**Exercise brief:**
Copy every line of the records that includes the word "trailer".

(Data entries)
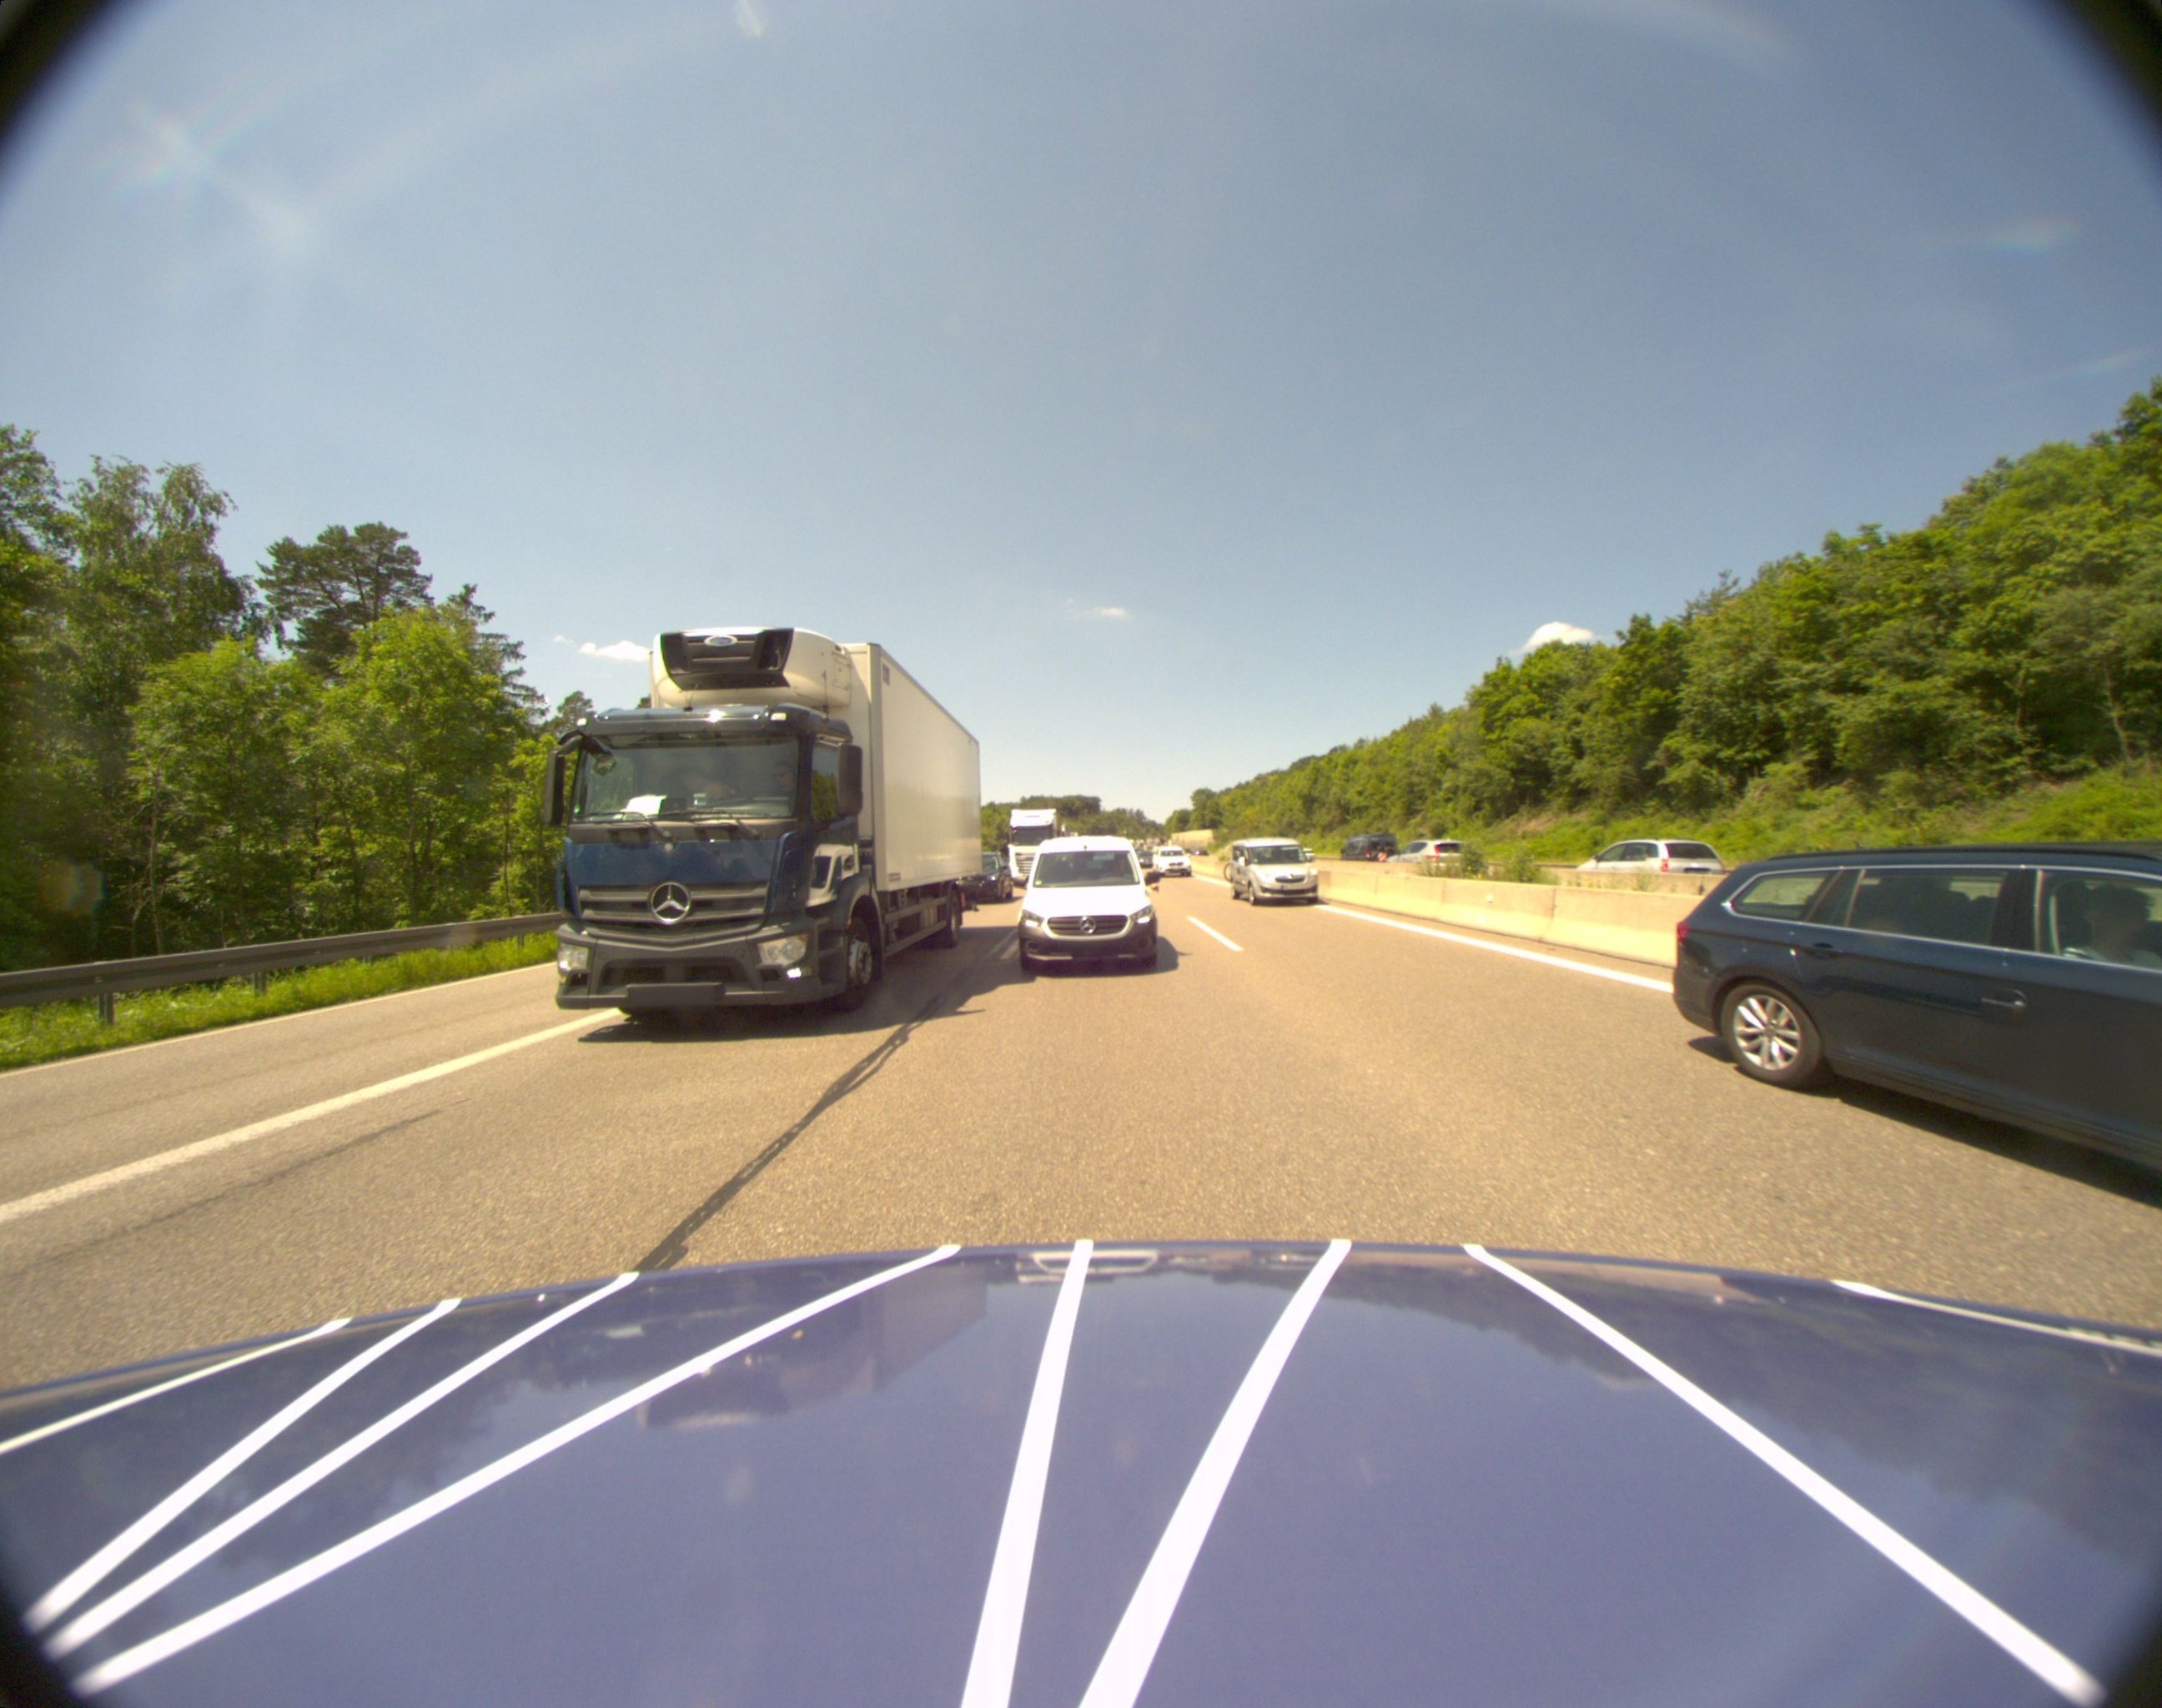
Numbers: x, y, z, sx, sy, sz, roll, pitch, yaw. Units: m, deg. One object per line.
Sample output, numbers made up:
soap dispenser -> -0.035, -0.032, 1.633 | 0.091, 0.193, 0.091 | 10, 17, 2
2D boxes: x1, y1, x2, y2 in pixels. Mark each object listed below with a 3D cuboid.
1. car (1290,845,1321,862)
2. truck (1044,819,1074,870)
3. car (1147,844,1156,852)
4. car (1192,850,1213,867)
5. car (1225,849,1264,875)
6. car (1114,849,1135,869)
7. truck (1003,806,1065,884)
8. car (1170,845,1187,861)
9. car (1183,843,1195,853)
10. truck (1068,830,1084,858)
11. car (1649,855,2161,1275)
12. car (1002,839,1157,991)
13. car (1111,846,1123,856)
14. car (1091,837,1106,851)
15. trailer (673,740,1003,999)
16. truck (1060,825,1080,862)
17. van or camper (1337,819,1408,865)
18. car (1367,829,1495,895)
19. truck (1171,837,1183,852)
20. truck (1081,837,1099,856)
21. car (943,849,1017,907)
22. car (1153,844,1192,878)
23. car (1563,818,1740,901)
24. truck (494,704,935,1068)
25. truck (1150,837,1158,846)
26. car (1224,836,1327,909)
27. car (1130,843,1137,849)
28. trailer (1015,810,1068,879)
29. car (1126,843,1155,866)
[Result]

**Task answer:**
15. trailer (673,740,1003,999)
28. trailer (1015,810,1068,879)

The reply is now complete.